Additional Information
Hypothesis-
Take this with a grain of salt, but based on the observed behavior and logs, the issue appears to be a client-side timing or buffering problem within Open WebUI's JavaScript code, specifically in the CallOverlay.svelte component (or related audio playback logic).
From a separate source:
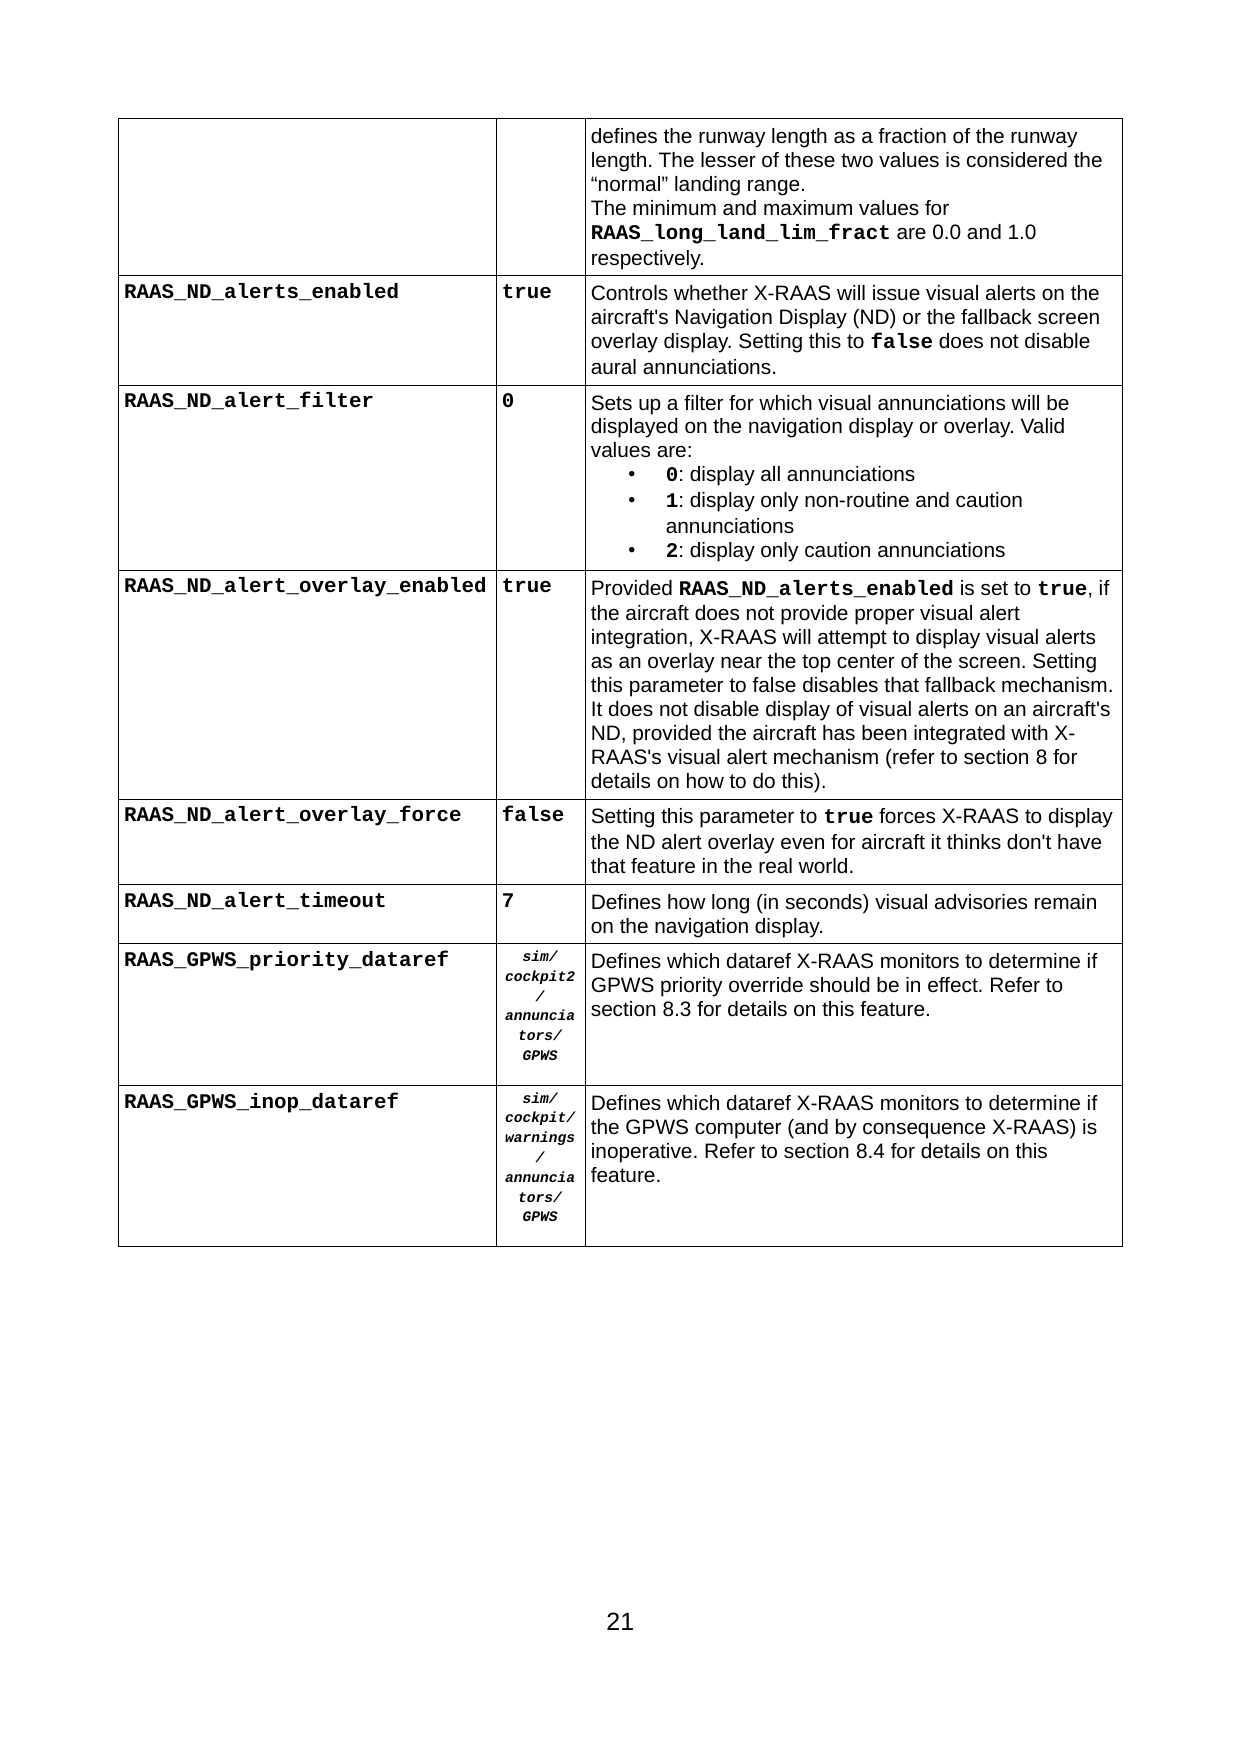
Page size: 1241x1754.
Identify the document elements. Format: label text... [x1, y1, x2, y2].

The hypothesis is that Open WebUI might be attempting to start audio playback (audio.play()) too early, before the browser has fully buffered the audio data from the external TTS service response. This could lead to the browser starting playback from a point within the audio file, resulting in the partial audio playback.
The "Audio for ... not yet available in the cache, re-queued..." console message in Open WebUI further supports this timing/buffering hypothesis.